Quando gli ho chiesto come abbia vissuto e interpretato il recente attacco israeliano, Hammouch dice che è stata una sorpresa per tutti a Dahieh, che è stato un esempio di quanto Israele si comporti e si senta al di sopra della legge e della sovranità altrui con totale impunità. Rispetto alla sua fiducia in Nasrallah nulla è diminuito ma, anzi, sostiene che dal 7 ottobre anche in coloro che prima si sentivano lontani da Hezbollah si è riacceso lo spirito di partecipazione. La reputazione di Nasrallah come sagace uomo politico tiene calmo il timore sorto a Dahieh nei giorni successivi al 2 gennaio. «La decisione di non aver risposto all’attacco è interpretato come segno di rispetto verso la sovranità libanese», ci dice Hammouch. «Contrattaccare significherebbe portare in guerra l’intero Paese che, essendo già al collasso economico e sociale, non sosterrebbe il confronto con Israele, nonostante», ci tiene a rimarcare, «Hezbollah abbia tutto il necessario per dimostrare la propria forza in un eventuale conflitto».
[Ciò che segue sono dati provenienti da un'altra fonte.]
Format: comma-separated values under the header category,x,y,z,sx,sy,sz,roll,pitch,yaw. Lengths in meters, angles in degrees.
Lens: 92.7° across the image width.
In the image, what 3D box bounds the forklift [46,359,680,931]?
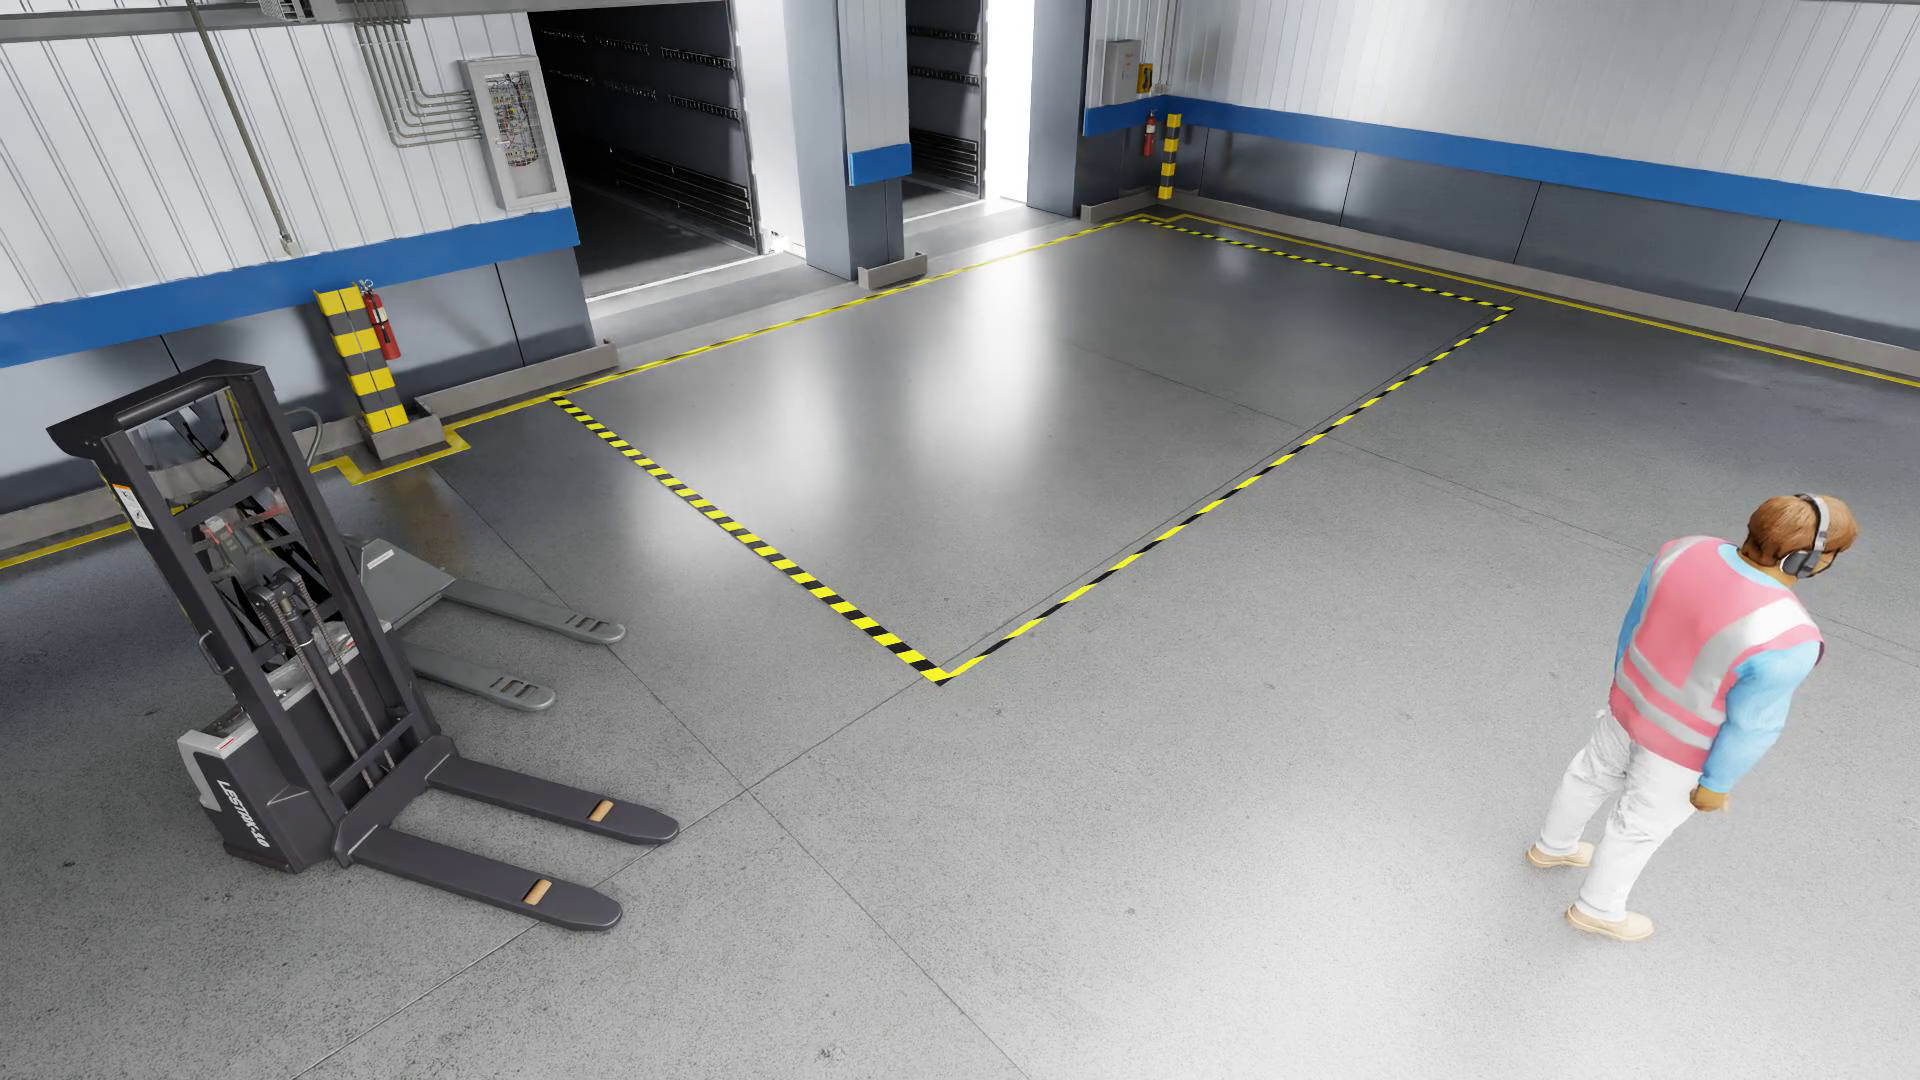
category,x,y,z,sx,sy,sz,roll,pitch,yaw
forklift,-2.135,0.422,3.354,1.885,1.965,0.823,10,35,14

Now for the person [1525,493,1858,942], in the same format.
category,x,y,z,sx,sy,sz,roll,pitch,yaw
person,2.480,0.637,3.175,0.431,1.843,0.622,1,34,2

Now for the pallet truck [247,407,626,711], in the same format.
category,x,y,z,sx,sy,sz,roll,pitch,yaw
pallet truck,-2.628,0.038,4.590,1.601,1.201,0.680,12,36,18

Sostiene, inoltre, che se Hezbollah fosse stato un movimento di qualsiasi altra denominazione religiosa, poco cambierebbe nel suo sostegno per la resistenza che porta avanti, visto che l’identità sciita è secondaria rispetto all’intento fondante del partito di difendere il Libano da ogni forma di imperialismo.

Problemi in paradiso
In altre parti del Libano, molti criticano la presenza di Hezbollah come un’organizzazione troppo interventista e che tiene in bilico la sicurezza del Paese. Nel 2022, per la prima volta in quasi 20 anni, Hezbollah ha perso la maggioranza parlamentare che la teneva in una posizione di forza rispetto agli altri partiti del Paese. Il dissenso verso Hezbollah è una conseguenza del movimento di proteste sorto in Libano nel 2019 contro la dilagante corruzione istituzionale nel Paese. E la perdita di voti subita da Hezbollah non è andata verso altri partiti veterani libanesi, come Amal (sciita), o il Free Patriotic Movement (cristiano maronita). Invece, il successo di nuovi partiti indipendenti (tra cui le Lebanese Forces) hanno minato la stabilità (o l’immobilità) parlamentare rimuovendo la certezza dei parlamentari di Nasrallah alla maggioranza.

In un Paese come il Libano, travagliato da una crisi economica dilaniante da ormai cinque anni, privo di un’amministrazione centralizzata e con un apparato politico parlamentare de facto incapace di gestire efficacemente le spinose questioni civili e sociali, il sostegno ad Hezbollah non va considerato estremista. Piuttosto, è una reazione popolare e/o populista all’assenza di un’autorità in grado di difendere e influenzare le sorti di una nazione che ha affrontato troppe volte il flagello della guerra. In ogni caso, nonostante Hezbollah oggi si trovi più isolato politicamente e con meno sostenitori al di fuori delle sue roccaforti elettorali, resta l’unico movimento del Libano a determinare le relazioni internazionali libanesi nel conflitto in Medio Oriente.